VwGH: Qualifikation von minderjährigen ledigen Kindern als Familienangehörige iSd § 35 Abs 5 AsylG 2005
Der VwGH hat bereits wiederholt ausgesprochen, dass für die Qualifikation von minderjährigen ledigen Kindern als Familienangehörige nach dem klaren Wortlaut des § 35 Abs 5 AsylG 2005 der Zeitpunkt der Antragstellung maßgeblich ist
§ 35 AsylG 2005, Familienzusammenführung-RL
GZ Ra 2022/18/0309, 16.02.2023
VwGH: Die Revision sieht eine Rechtsfrage grundsätzlicher Bedeutung im Fehlen von Rsp des VwGH zur Frage, ob es zur Beurteilung der Voraussetzung der Minderjährigkeit eines (ledigen) Kindes eines Fremden, dem der Status des Asylberechtigten zuerkannt wurde, stets auf den Zeitpunkt der Stellung des Antrages des Kindes auf Erteilung eines Einreisetitels nach § 35 AsylG 2005 ankommt, und zwar auch im Fall einer „langjährigen“ Dauer des Verfahrens, das zur Zuerkennung des Status des Asylberechtigten geführt hat.
Der VwGH hat jedoch bereits wiederholt ausgesprochen, dass für die Qualifikation von minderjährigen ledigen Kindern als Familienangehörige nach dem klaren Wortlaut des § 35 Abs 5 AsylG 2005 der Zeitpunkt der Antragstellung maßgeblich ist.

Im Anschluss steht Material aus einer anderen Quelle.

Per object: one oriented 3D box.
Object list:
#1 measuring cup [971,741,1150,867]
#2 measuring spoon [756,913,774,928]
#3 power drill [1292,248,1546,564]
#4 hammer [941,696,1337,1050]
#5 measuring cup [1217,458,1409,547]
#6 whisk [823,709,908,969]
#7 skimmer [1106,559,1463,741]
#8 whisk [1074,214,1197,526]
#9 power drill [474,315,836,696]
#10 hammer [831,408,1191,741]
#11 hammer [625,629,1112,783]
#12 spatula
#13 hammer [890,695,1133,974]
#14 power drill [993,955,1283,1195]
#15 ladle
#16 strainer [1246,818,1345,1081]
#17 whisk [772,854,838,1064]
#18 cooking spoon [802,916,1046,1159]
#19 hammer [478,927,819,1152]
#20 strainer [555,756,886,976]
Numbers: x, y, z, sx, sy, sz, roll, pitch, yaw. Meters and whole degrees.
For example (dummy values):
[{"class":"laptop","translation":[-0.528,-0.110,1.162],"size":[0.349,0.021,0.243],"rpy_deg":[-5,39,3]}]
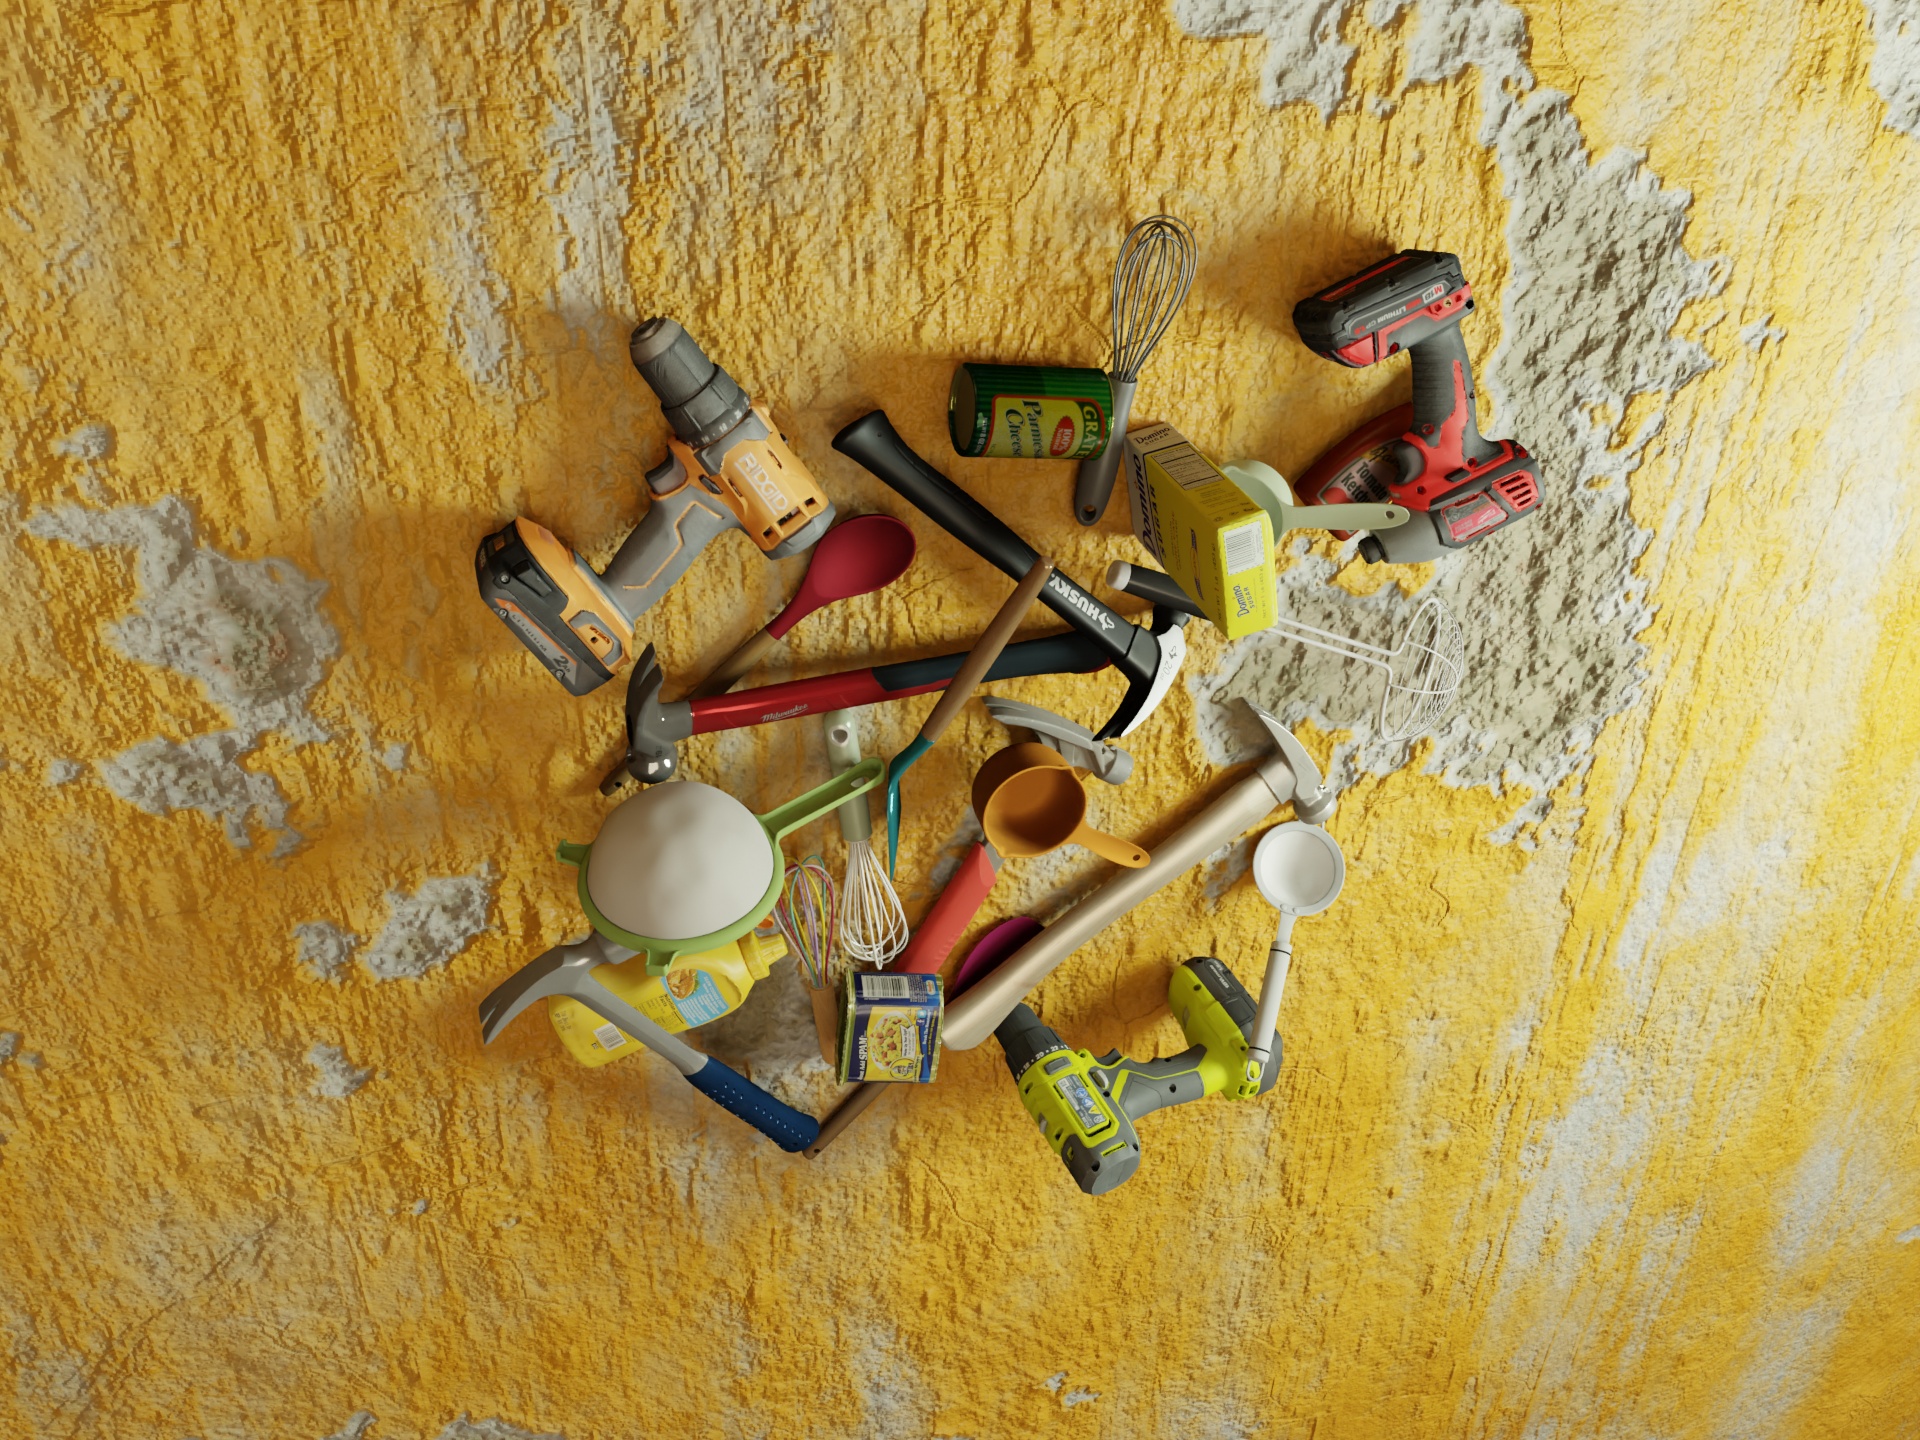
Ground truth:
[{"class":"measuring cup","translation":[0.084,0.076,1.299],"size":[0.173,0.052,0.095],"rpy_deg":[26,109,-32]},{"class":"measuring spoon","translation":[-0.208,0.149,1.297],"size":[0.117,0.011,0.021],"rpy_deg":[16,142,-11]},{"class":"power drill","translation":[0.336,-0.225,1.185],"size":[0.143,0.079,0.219],"rpy_deg":[-26,110,2]},{"class":"hammer","translation":[0.137,0.148,1.402],"size":[0.410,0.038,0.146],"rpy_deg":[-38,124,3]},{"class":"measuring cup","translation":[0.258,-0.162,1.204],"size":[0.168,0.038,0.083],"rpy_deg":[4,123,28]},{"class":"whisk","translation":[-0.083,0.099,1.300],"size":[0.058,0.059,0.246],"rpy_deg":[-6,118,2]},{"class":"skimmer","translation":[0.267,-0.073,1.296],"size":[0.363,0.090,0.127],"rpy_deg":[15,96,-22]},{"class":"whisk","translation":[0.121,-0.247,1.155],"size":[0.055,0.055,0.238],"rpy_deg":[1,125,-19]},{"class":"power drill","translation":[-0.222,-0.146,1.080],"size":[0.226,0.084,0.185],"rpy_deg":[-36,123,1]},{"class":"hammer","translation":[0.039,-0.116,1.182],"size":[0.334,0.035,0.146],"rpy_deg":[35,64,-27]},{"class":"hammer","translation":[-0.056,-0.036,1.191],"size":[0.386,0.038,0.143],"rpy_deg":[-11,152,-20]},{"class":"spatula","translation":[-0.002,-0.004,1.194],"size":[0.044,0.082,0.317],"rpy_deg":[23,129,-14]},{"class":"hammer","translation":[-0.004,0.146,1.363],"size":[0.149,0.037,0.359],"rpy_deg":[22,111,-29]},{"class":"power drill","translation":[0.156,0.303,1.444],"size":[0.228,0.191,0.080],"rpy_deg":[-19,140,-22]},{"class":"ladle","translation":[-0.159,-0.047,1.194],"size":[0.315,0.031,0.069],"rpy_deg":[-41,128,11]},{"class":"strainer","translation":[0.288,0.198,1.433],"size":[0.087,0.050,0.258],"rpy_deg":[17,72,-3]},{"class":"whisk","translation":[-0.124,0.206,1.361],"size":[0.047,0.051,0.244],"rpy_deg":[8,130,17]},{"class":"cooking spoon","translation":[-0.038,0.293,1.454],"size":[0.068,0.017,0.319],"rpy_deg":[35,104,-33]},{"class":"hammer","translation":[-0.229,0.280,1.305],"size":[0.144,0.035,0.405],"rpy_deg":[-29,141,6]},{"class":"strainer","translation":[-0.162,0.071,1.172],"size":[0.256,0.152,0.069],"rpy_deg":[-27,140,-27]}]

Soweit die Revision sinngemäß geltend macht, das Abstellen auf den Zeitpunkt der Stellung des Antrages auf Gewährung eines Einreisetitels gem § 35 AsylG 2005 zur Beurteilung der Voraussetzung der Minderjährigkeit widerspreche der Richtlinie 2003/86/EG (Familienzusammenführungsrichtlinie), ist darauf hinzuweisen, dass sich der VwGH bereits in seinem Erkenntnis vom 22. November 2017, Ra 2017/19/0218, ausführlich mit dem Verhältnis zwischen der Familienzusammenführungsrichtlinie und § 35 AsylG 2005 auseinandergesetzt hat. Aus den im letztzitierten hg Erkenntnis genannten Gründen ist es nicht geboten, den Anwendungsbereich des § 35 AsylG 2005 zu erweitern, zumal dieser nur eine von mehreren im österreichischen Recht vorgesehenen Möglichkeiten der Familienzusammenführung darstellt, und zwar mit dem asylspezifischen Zweck, für die nachziehenden Personen nach Einreise in das Bundesgebiet ein Familienverfahren iSd § 34 AsylG 2005 zu eröffnen und ihnen denselben Schutz wie dem bereits in Österreich aufhältigen Angehörigen zu gewähren. Dies kommt fallbezogen aber nicht in Betracht. Dass eine unionsrechtliche Verpflichtung bestünde, der Revisionswerberin eine solche Rechtsstellung zu verschaffen, ist auch aus den einschlägigen Urteilen des EuGH zur Richtlinie 2003/86/EG (Familienzusammenführungsrichtlinie) nicht abzuleiten.